A Crayfish Buffet

OK, it really doesn’t matter if you call them crayfish, crawdads, crawfish, mudbugs or yabbies (Australia) what does matter is that they are basically all the same creature. Sure there are some size variations and certainly color variations…but the basics are the same…oh, and the smallmouths love them! Earlier this summer I was in Missouri and fishing the Niangua River in central Missouri. I had reached a deep portion of the river and had to navigate the depths by moving close to the brush and trees that lined this portion of the river. As I carefully moved past a giant Sycamore tree who’s roots were exposed to the river…I noticed a mass movement just under the water and atop the roots; there before me was not one crayfish, not a few crayfish, but hundreds of tan crayfish. It was a sight to behold and I extensively studied the bugs as I usually do, not just for their color, but size, shape and any other factor that would help me better tie a realistic crayfish fly pattern.

Crawdads are simply a steady and basic food element for a good many freshwater fish…especially for smallies, it just seems like a crawdad will fire them up more so than any other pattern.JDcreek8-11-13042 As it turns out I spend a good amount of time tying and perfecting my patterns so that they look anatomically correct but more important…so that they swim and catch fish like they should. Such was the case on Saturday night, August 10; I had watched a video and had yet another improvement for my creation…15 minutes later I finished up what I thought would look delectable.

Sunday has a usual flow for me; church early on and then back home to do a few chores…followed by some type of fishing and on August 12 it happened to be that Jonas pulled in as I was finishing up chores. I told him to grab his fly gear and come along; in a matter of 30 minutes we were carefully walking down one of my favorite creeks in pursuit of smallies.

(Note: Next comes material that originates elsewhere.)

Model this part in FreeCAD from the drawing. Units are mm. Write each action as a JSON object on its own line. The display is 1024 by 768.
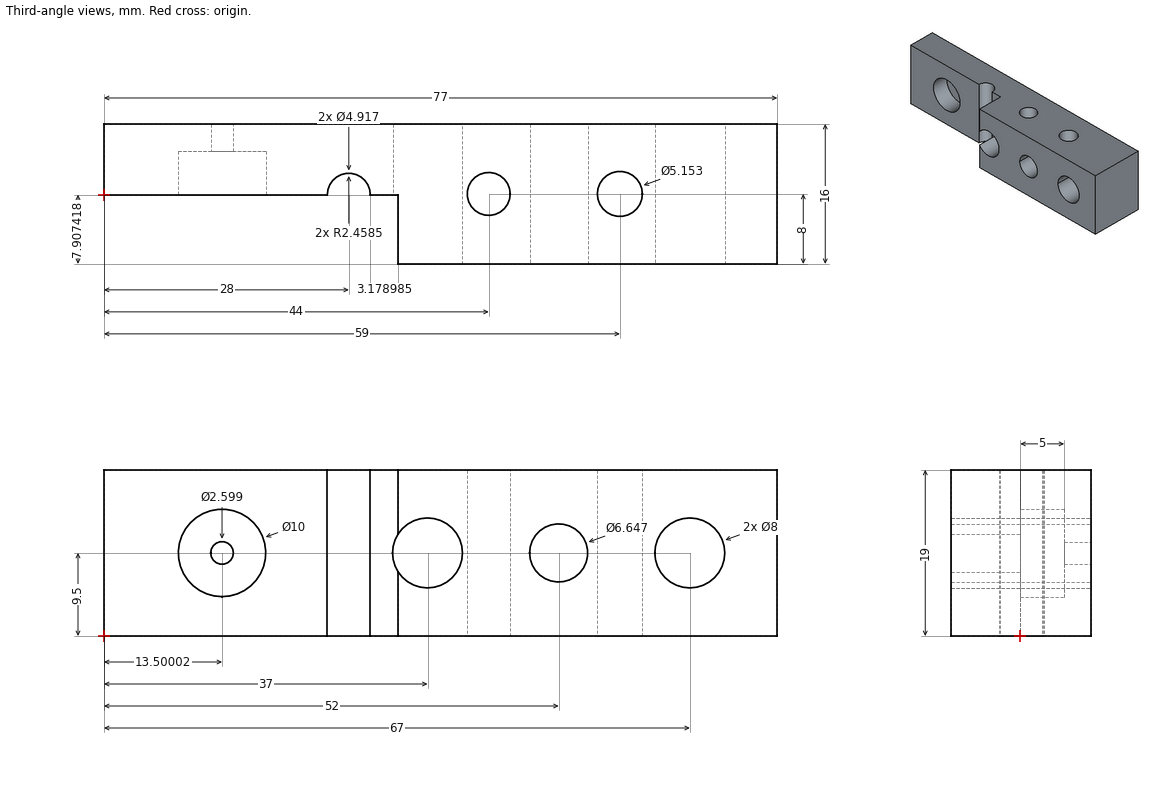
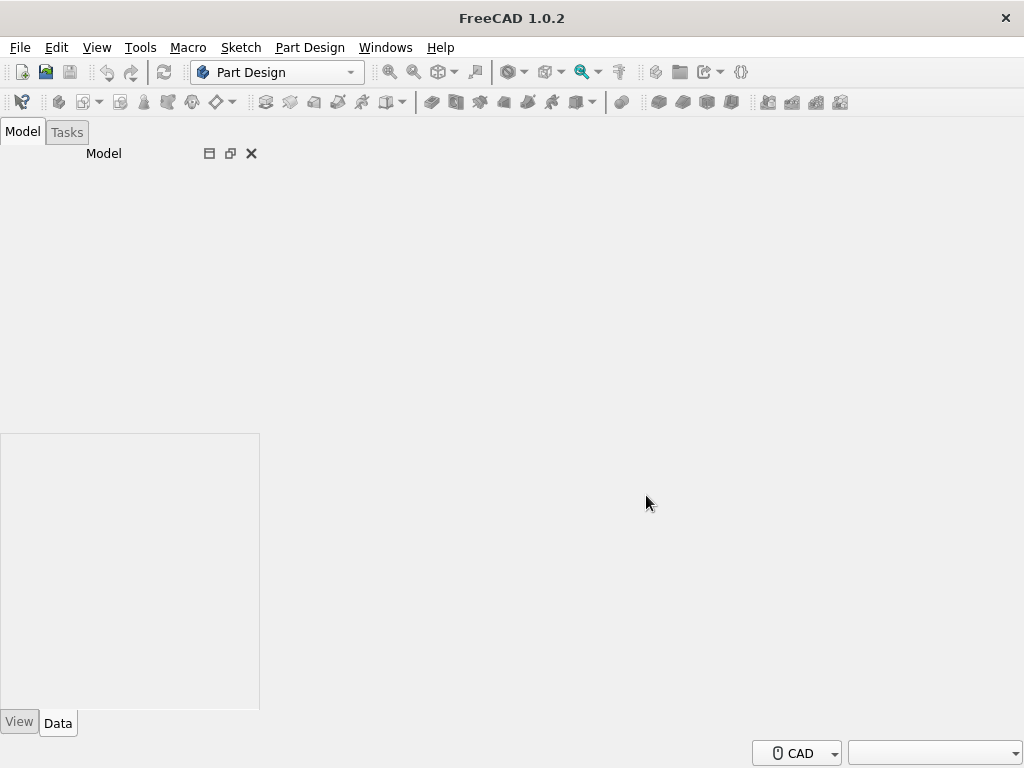
{"action": "left_click", "coordinate": [22, 72]}

I did some quick explaining to Jonas to stay behind me, move carefully and keep as low as possible because the very skinny water conditions meant the fish would be easy to spook. He agreed that filming was his desire on the day, so we crept along…and I poked my crayfish creation into nook and cranny trying to draw large carnivorous fish out of their lair for a taste.

I knew it was going to be a great day when we reached the first hole and at the moment my fly hit the water a 14 inch smallie exploded on the bug; a few seconds after releasing that one I was once again hitched up with yet another solid fish. I won’t actually say that we were fishing…it would be better to describe this as hunting for fish because stealth and accuracy of the cast became all too important.

By the time we reached the first big hole I told Jonas where to sit and then directed him to go ahead and get the camera going…I stripped off a few feet and made an accurate cast against a large rock, then quickly stripped my crayfish away from the rock. It only took about a half a second and I knew I had hooked a good fish; a few quick and powerful line strips and I lipped a nice 14 inch bass. Quick on and  off and once again told Jonas to fire up the camera that I usually caught a nice fish just off the next rock outcropping. I gave a few strips and then began to raise my rod tip when once again I felt the pressure of a fish…this time it didn’t feel like the usual tug; the bend of my rod quickly gave me the clue that I was into a better than usual fish. JDcreek8-11-13029It is at this point that often fishermen get excited, panic a bit and do something out of the ordinary and lose a fish. I would have to admit that a few years back I lost my share of bigger fish due to carelessness and a case of buck fever. Not too often anymore and not on this day…a little patience and a few powerful strips of the line and I lipped a 20.5 inch smallmouth! It was a delight to land this fish, have a few photos taken with it…but more of a delight to then reach down and quietly release it back into the creek. This fish might well be 20 years old, a senior citizen so to speak and I am hopeful that one day, in the future, I or one of my boys might once again fool this old timer into hitting our fly.

To say it was a great day would be an understatement…to catch a passel of fish, a few of which were true trophies and to do so with Jonas along was a special day that I won’t soon forget. If you would like to watch the video of this fishing trip, click on the post entitled “Little Creeks and Big Smallies”.

As we neared our vehicle, Jonas was excited to reflect not just about the many fish I had caught that day…but the deer, coyote, turkeys and various other critters we had seen along our 3 hour walk. I couldn’t have agreed more; it was a special day in nature, one we shared together while Enjoying the Great Outdoors.